Justiceiros ganham força.

 

A manchete principal do jornal O Hoje apontou que ‘Justiceiros’ ganham força, com 3 casos em 24 horas em Goiânia. Suspeitos de furto e de roubo foram perseguidos, detidos e até espancados pela população.

Isso aponta para uma preocupação: o povo está de saco cheio de tanto ver triunfar as injustiças e assistir a impunidade reinando solta. Para a OAB/GO, caso de justiceiros está ligado à sensação de impunidade. As Comissões de Direitos Humanos, Acesso à Justiça e Direitos Sociais (CDH), e de Segurança Pública e Política Criminal (CSP) da instituição classista vão acompanhar os casos de justiceiros que agrediram suspeitos de crimes praticados em Goiânia. Segundo o presidente da seccional, o objetivo é averiguar se crime praticado pelo agredido e pelos agressores é investigado com o mesmo empenho.

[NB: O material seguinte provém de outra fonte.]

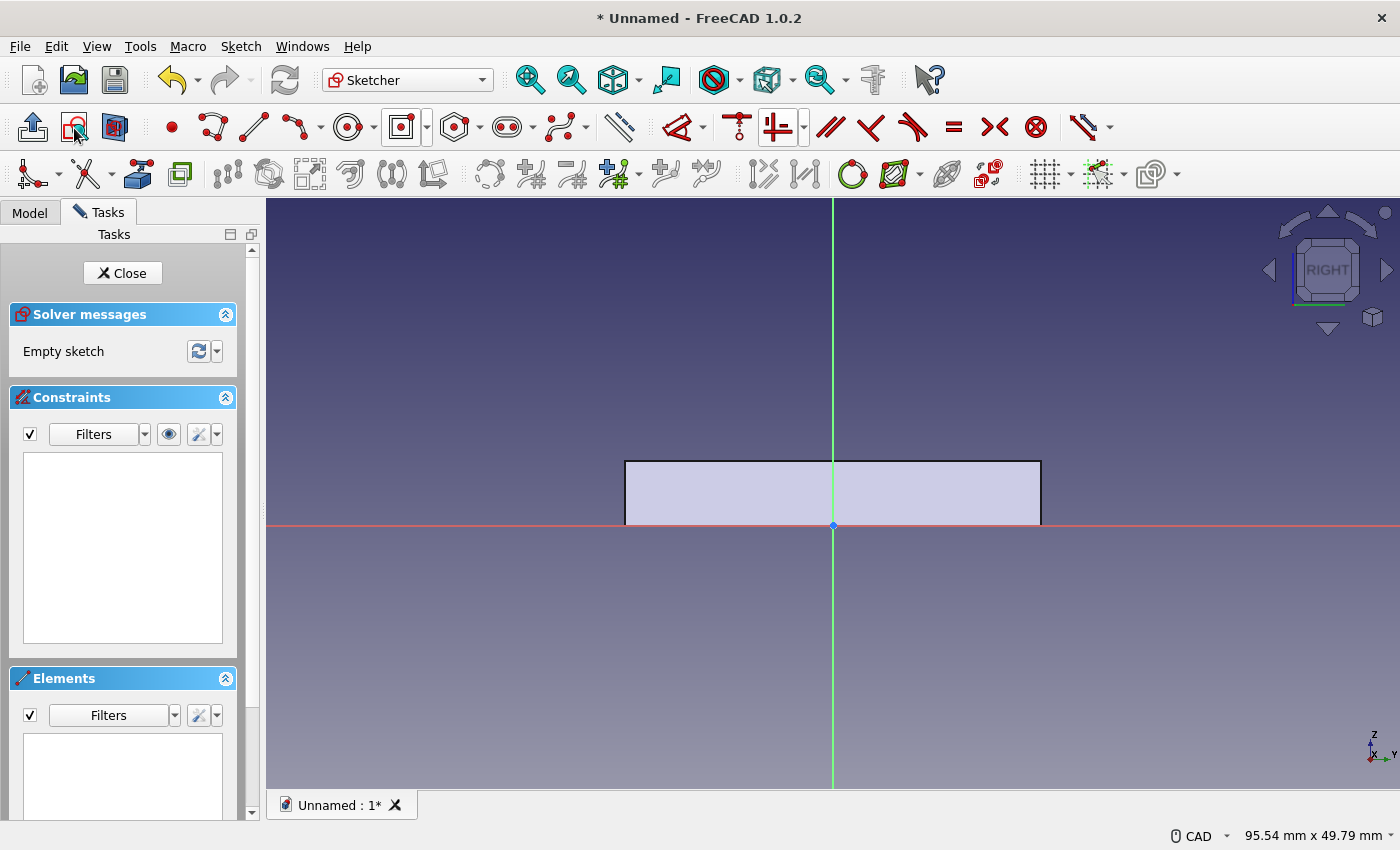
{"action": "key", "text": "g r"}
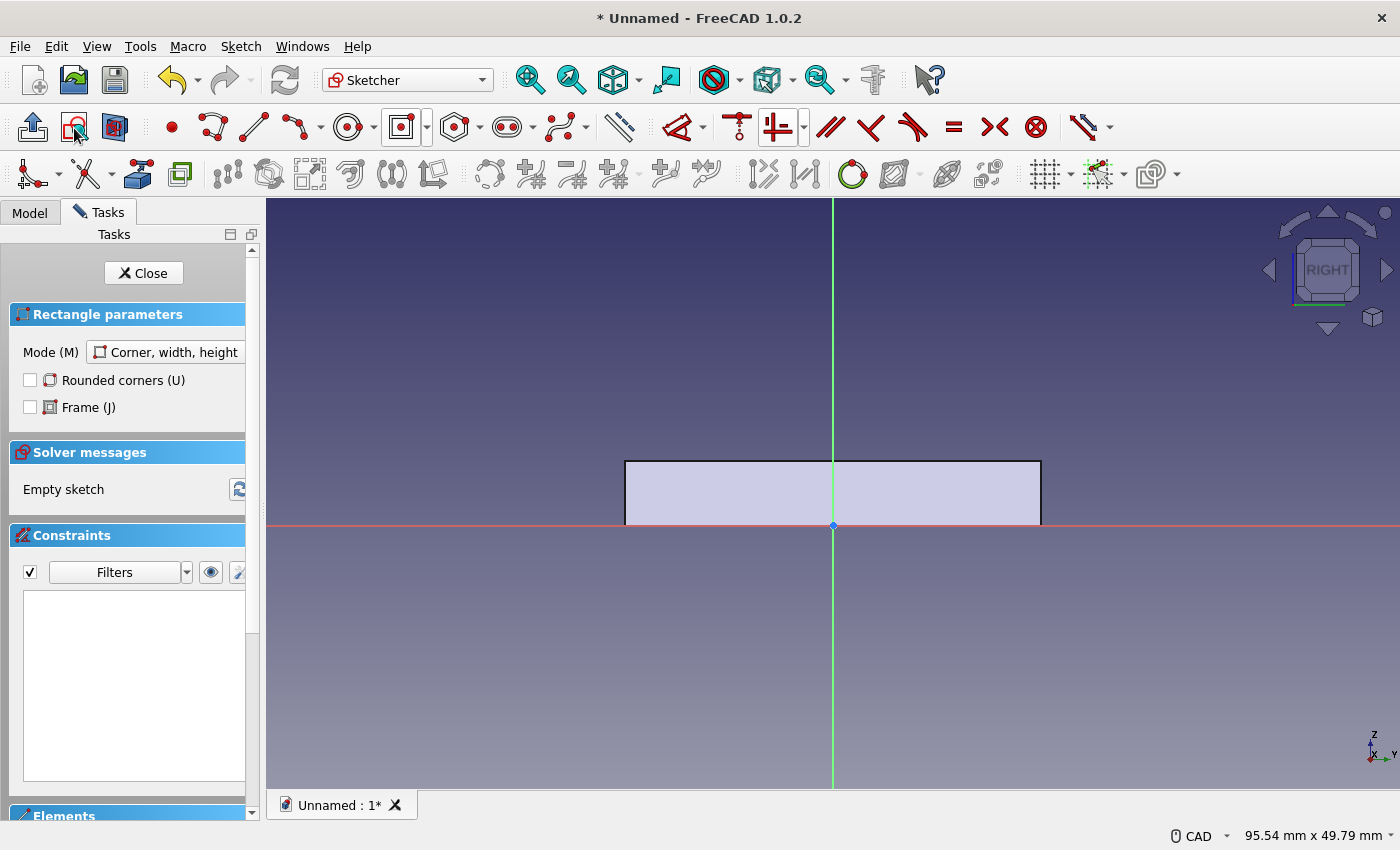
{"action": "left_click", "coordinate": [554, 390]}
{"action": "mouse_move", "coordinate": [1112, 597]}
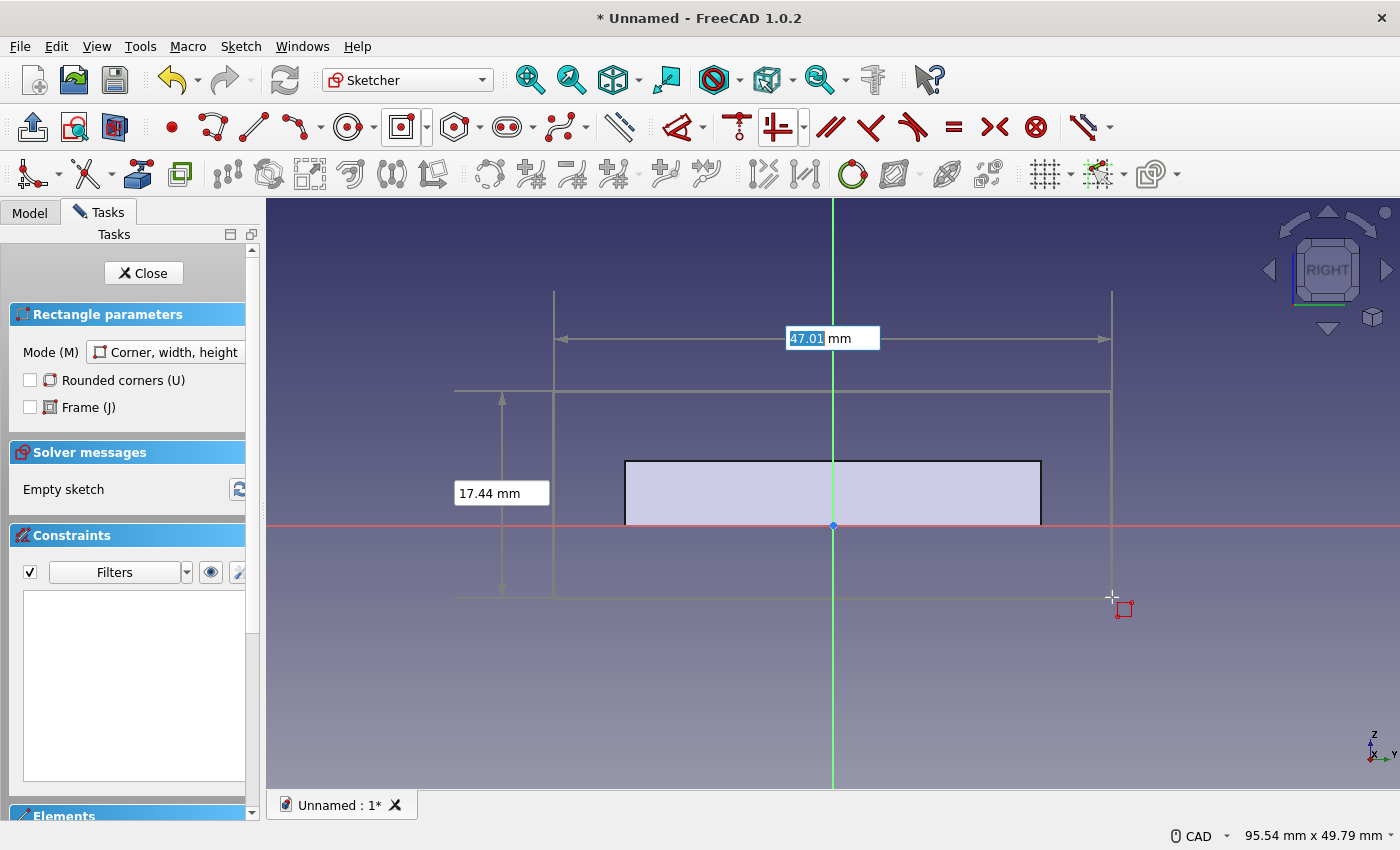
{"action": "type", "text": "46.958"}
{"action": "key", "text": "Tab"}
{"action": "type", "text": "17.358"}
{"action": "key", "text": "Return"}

Fazer justiça com as próprias mãos, tecnicamente chamado de exercício arbitrário das próprias razões, é crime e a nova onda de justiceiros pode provocar um acréscimo de mais sensação de impunidade em nosso meio. Agora, tanto as polícias quanto o Poder Judiciário podem aumentar as suas estatísticas negativas pela falta de apuração nesses casos. Isso é temerário e frustrante.

Além de cometer o delito de fazer justiça com as próprias mãos, existe a possibilidade da prática de outros crimes por quem comete esse tipo de ato, que podem ir de lesão corporal, lesão corporal seguida de morte a homicídio tentado ou consumado, etc.

O início dos atos praticados pelos ‘justiceiros’ aponta que o Estado (poder público) está impotente e inerte na solução da segurança pública, o que é seu dever, segundo a Constituição Federal.

E o que é o pior: a sociedade, muitas vezes, no íntimo aplaude essas ações de vingança porque se sente insegura ou porque já foi vítima de algum ato criminoso praticado por meliantes. Hipocritamente se diz contra, mas no âmago, no fundo do coração sedento por justiça, aprova a ação. Na Bahia, um criminoso foi amarrado em um formigueiro e as pessoas aplaudiram e vibraram com o ato.

Infelizmente os ‘justiceiros’ aparecem onde a Justiça tarda e falha. Entretanto, a meu ver, combater um ato delituoso com a prática de outro crime não é o certo. Alguma coisa está errada nesse País.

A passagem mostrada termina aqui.